#### Exercise:
Reproduce, exactly, the lines of the material below from the line containing "name: (x, y, z, sx, sy, sz, roll, pitch, yaw)" through the line containing "Enclose the large", with both end lines included and nothing else.

#### Task data:
[Start of Attachment]
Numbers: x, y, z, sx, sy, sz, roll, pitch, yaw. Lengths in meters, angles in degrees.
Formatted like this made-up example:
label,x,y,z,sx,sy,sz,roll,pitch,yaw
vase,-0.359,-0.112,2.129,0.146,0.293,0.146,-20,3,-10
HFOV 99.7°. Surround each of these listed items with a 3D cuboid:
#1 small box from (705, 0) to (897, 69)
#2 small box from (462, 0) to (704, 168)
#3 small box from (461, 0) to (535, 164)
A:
[End of Attachment]
[Start of Attachment]
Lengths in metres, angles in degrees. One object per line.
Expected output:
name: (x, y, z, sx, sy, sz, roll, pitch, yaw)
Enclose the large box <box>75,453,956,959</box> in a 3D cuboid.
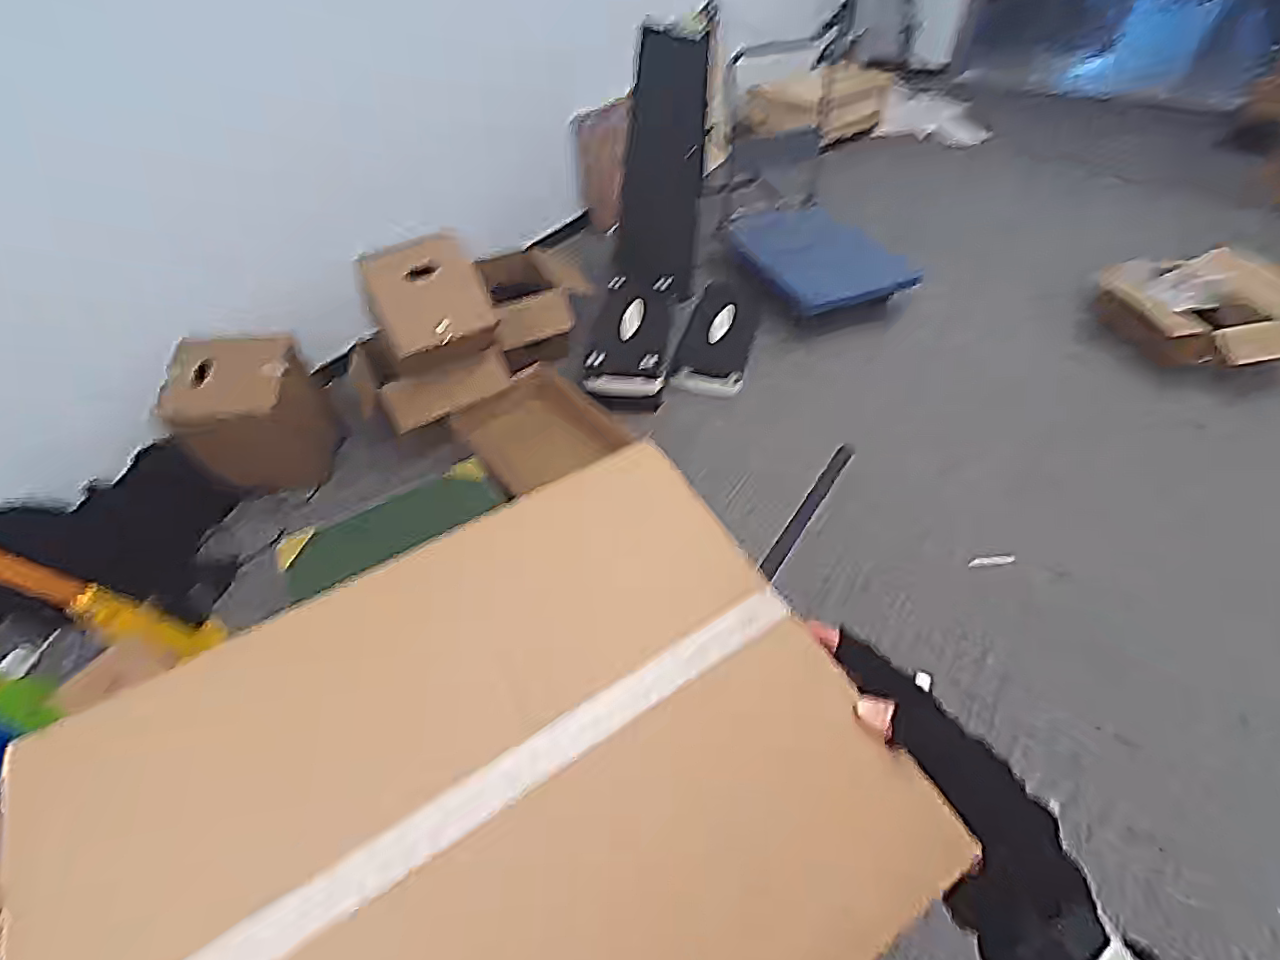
[End of Attachment]
[Start of Attachment]
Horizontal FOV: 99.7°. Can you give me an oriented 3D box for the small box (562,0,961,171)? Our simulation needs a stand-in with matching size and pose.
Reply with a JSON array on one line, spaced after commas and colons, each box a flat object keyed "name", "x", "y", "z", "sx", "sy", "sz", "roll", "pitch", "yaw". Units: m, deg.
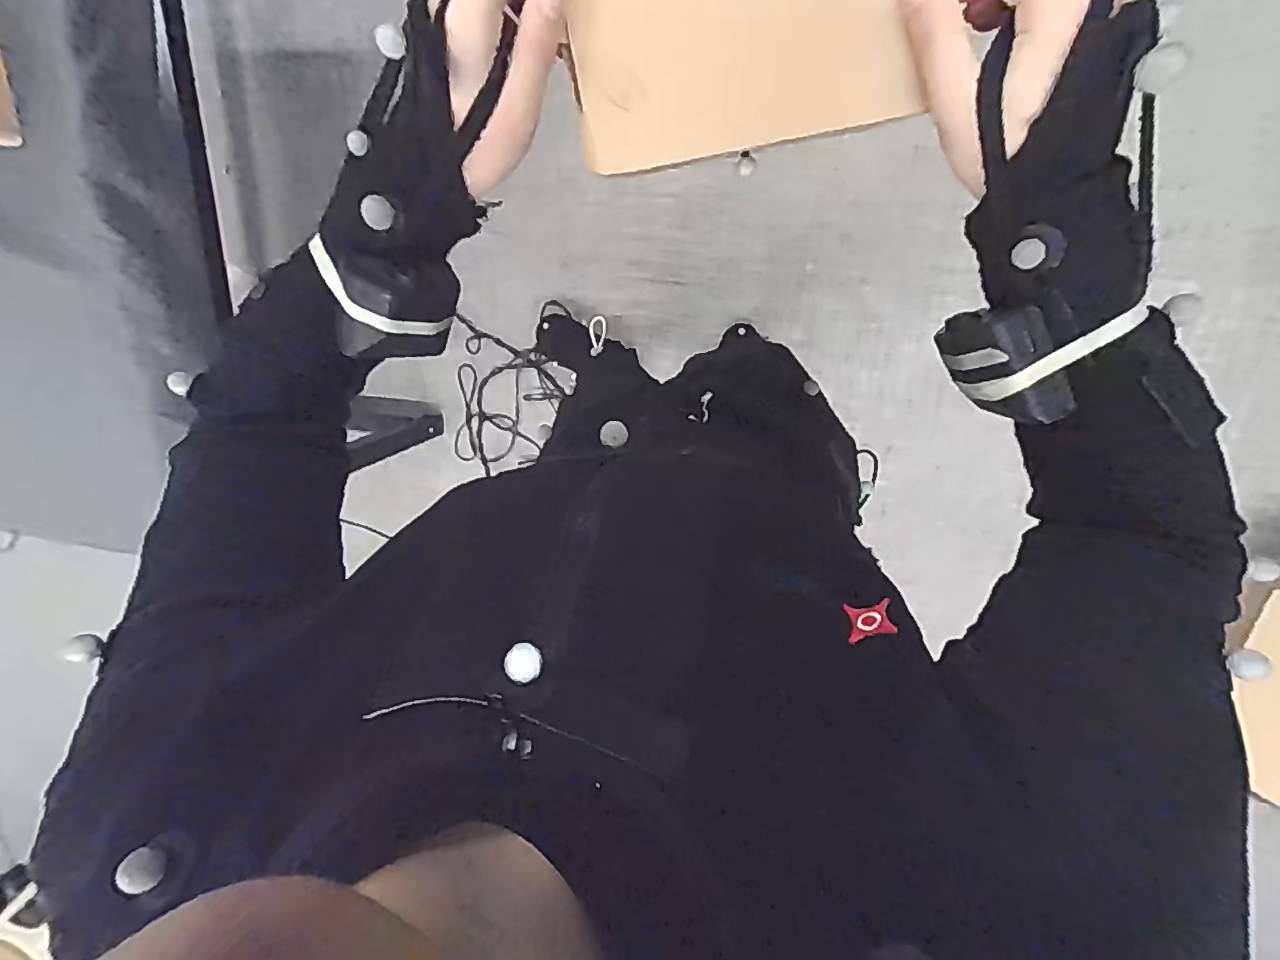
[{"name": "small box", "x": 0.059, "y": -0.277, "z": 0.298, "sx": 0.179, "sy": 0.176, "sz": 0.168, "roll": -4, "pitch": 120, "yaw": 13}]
[End of Attachment]
#### Answer section:
name: (x, y, z, sx, sy, sz, roll, pitch, yaw)
Enclose the large box <box>75,453,956,959</box> in a 3D cuboid.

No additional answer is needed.